The problem: Transcribe all records below exactly, without images.

Data supplied:
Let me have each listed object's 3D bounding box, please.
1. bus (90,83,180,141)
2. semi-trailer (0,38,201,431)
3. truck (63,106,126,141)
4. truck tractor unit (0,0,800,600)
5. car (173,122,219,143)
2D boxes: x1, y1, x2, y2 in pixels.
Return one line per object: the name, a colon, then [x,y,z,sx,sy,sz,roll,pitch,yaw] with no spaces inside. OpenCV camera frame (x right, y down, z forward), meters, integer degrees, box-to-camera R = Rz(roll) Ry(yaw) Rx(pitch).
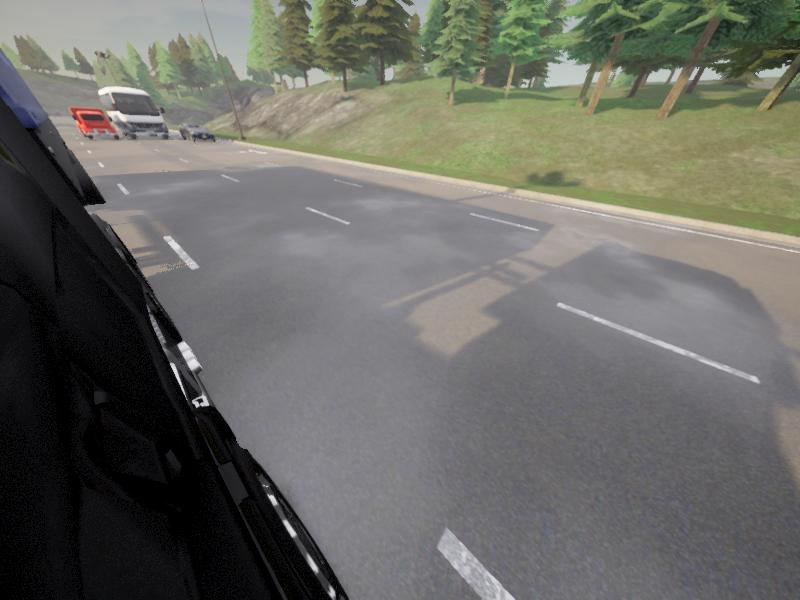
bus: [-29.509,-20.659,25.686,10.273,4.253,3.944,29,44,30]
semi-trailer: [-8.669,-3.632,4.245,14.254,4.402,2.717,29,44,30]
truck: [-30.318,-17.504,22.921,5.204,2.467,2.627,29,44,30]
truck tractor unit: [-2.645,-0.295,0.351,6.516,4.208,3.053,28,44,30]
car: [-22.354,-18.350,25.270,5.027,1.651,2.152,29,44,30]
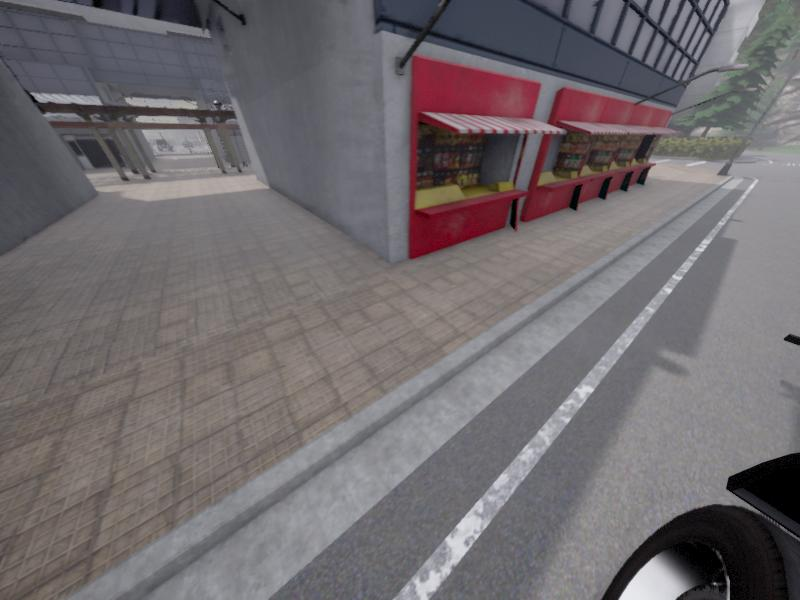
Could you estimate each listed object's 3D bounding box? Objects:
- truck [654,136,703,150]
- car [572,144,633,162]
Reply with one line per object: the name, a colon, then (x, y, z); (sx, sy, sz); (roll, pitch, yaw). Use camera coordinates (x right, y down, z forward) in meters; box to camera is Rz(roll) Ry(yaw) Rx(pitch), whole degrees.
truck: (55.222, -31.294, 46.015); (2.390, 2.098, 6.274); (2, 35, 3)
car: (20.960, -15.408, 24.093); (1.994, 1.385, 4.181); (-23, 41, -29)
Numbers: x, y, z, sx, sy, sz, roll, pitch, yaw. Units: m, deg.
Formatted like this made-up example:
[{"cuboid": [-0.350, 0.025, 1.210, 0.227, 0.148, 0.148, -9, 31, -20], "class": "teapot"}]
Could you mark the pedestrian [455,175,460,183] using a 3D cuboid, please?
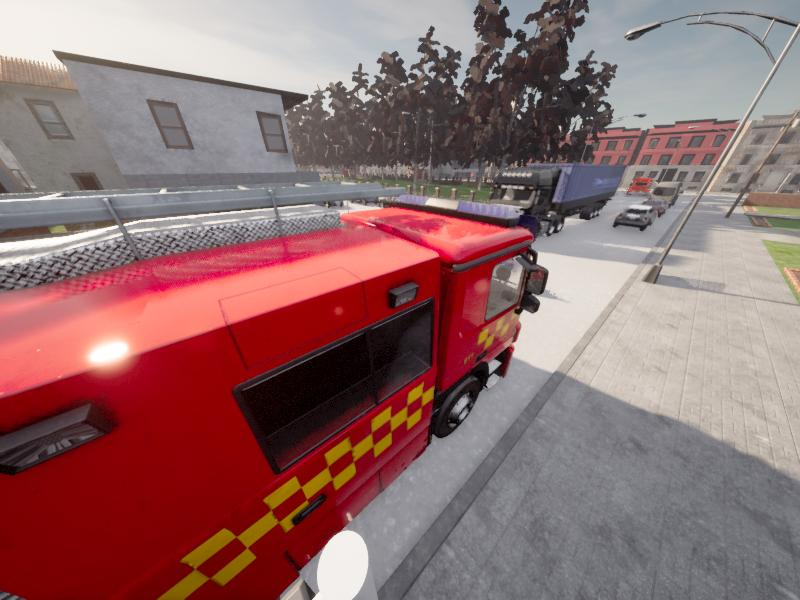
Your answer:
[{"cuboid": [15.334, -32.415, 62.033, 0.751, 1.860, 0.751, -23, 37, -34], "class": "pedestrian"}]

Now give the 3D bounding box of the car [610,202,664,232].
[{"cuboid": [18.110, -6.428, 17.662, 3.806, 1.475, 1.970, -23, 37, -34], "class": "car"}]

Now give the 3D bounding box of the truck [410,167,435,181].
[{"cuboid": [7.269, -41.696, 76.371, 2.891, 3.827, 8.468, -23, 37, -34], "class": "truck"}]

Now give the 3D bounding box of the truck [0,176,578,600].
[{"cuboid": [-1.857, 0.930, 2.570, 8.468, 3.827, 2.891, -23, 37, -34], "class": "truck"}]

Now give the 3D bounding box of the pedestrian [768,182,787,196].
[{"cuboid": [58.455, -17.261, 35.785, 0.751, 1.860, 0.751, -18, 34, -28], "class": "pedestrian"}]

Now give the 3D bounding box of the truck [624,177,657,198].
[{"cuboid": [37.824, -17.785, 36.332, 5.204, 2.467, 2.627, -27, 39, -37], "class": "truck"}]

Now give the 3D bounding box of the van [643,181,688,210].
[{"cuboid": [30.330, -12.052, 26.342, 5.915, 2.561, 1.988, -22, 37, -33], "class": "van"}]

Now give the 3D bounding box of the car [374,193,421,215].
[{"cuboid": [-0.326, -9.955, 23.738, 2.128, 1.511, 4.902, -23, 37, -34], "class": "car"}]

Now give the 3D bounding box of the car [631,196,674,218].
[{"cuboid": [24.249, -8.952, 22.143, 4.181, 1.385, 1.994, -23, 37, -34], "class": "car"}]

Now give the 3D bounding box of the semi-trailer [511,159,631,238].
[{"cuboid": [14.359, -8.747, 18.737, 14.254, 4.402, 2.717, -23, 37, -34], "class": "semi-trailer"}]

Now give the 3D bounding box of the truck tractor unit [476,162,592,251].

Output for this task:
Let me have each listed object's 3D bounding box, please.
1. bus (90,83,180,141)
2. semi-trailer (0,38,201,431)
3. truck (63,106,126,141)
4. truck tractor unit (0,0,800,600)
5. car (173,122,219,143)
2D boxes: x1, y1, x2, y2 in pixels.
Return one line per object: the name, a colon, then [x,y,z,sx,sy,sz,roll,pitch,yaw] with no spaces inside. OpenCV camera frame (x right, y down, z forward), meters, integer degrees, box-to-camera R = Rz(roll) Ry(yaw) Rx(pitch).
bus: [-29.509,-20.659,25.686,10.273,4.253,3.944,29,44,30]
semi-trailer: [-8.669,-3.632,4.245,14.254,4.402,2.717,29,44,30]
truck: [-30.318,-17.504,22.921,5.204,2.467,2.627,29,44,30]
truck tractor unit: [-2.645,-0.295,0.351,6.516,4.208,3.053,28,44,30]
car: [-22.354,-18.350,25.270,5.027,1.651,2.152,29,44,30]
Could you estimate each listed object's 3D bounding box? Objects:
- truck [654,136,703,150]
- car [572,144,633,162]
Reply with one line per object: the name, a colon, then (x, y, z); (sx, sy, sz); (roll, pitch, yaw). Use camera coordinates (x right, y down, z forward) in meters; box to camera is Rz(roll) Ry(yaw) Rx(pitch), whole degrees.
truck: (55.222, -31.294, 46.015); (2.390, 2.098, 6.274); (2, 35, 3)
car: (20.960, -15.408, 24.093); (1.994, 1.385, 4.181); (-23, 41, -29)
Numbers: x, y, z, sx, sy, sz, roll, pitch, yaw. Units: m, deg.
Formatted like this made-up example:
[{"cuboid": [-0.350, 0.025, 1.210, 0.227, 0.148, 0.148, -9, 31, -20], "class": "teapot"}]
Could you mark the pedestrian [455,175,460,183] using a 3D cuboid, please?
Your answer:
[{"cuboid": [15.334, -32.415, 62.033, 0.751, 1.860, 0.751, -23, 37, -34], "class": "pedestrian"}]

Now give the 3D bounding box of the car [610,202,664,232].
[{"cuboid": [18.110, -6.428, 17.662, 3.806, 1.475, 1.970, -23, 37, -34], "class": "car"}]

Now give the 3D bounding box of the truck [410,167,435,181].
[{"cuboid": [7.269, -41.696, 76.371, 2.891, 3.827, 8.468, -23, 37, -34], "class": "truck"}]

Now give the 3D bounding box of the truck [0,176,578,600].
[{"cuboid": [-1.857, 0.930, 2.570, 8.468, 3.827, 2.891, -23, 37, -34], "class": "truck"}]

Now give the 3D bounding box of the pedestrian [768,182,787,196].
[{"cuboid": [58.455, -17.261, 35.785, 0.751, 1.860, 0.751, -18, 34, -28], "class": "pedestrian"}]

Now give the 3D bounding box of the truck [624,177,657,198].
[{"cuboid": [37.824, -17.785, 36.332, 5.204, 2.467, 2.627, -27, 39, -37], "class": "truck"}]

Now give the 3D bounding box of the van [643,181,688,210].
[{"cuboid": [30.330, -12.052, 26.342, 5.915, 2.561, 1.988, -22, 37, -33], "class": "van"}]

Now give the 3D bounding box of the car [374,193,421,215].
[{"cuboid": [-0.326, -9.955, 23.738, 2.128, 1.511, 4.902, -23, 37, -34], "class": "car"}]

Now give the 3D bounding box of the car [631,196,674,218].
[{"cuboid": [24.249, -8.952, 22.143, 4.181, 1.385, 1.994, -23, 37, -34], "class": "car"}]

Now give the 3D bounding box of the semi-trailer [511,159,631,238].
[{"cuboid": [14.359, -8.747, 18.737, 14.254, 4.402, 2.717, -23, 37, -34], "class": "semi-trailer"}]

Now give the 3D bounding box of the truck tractor unit [476,162,592,251].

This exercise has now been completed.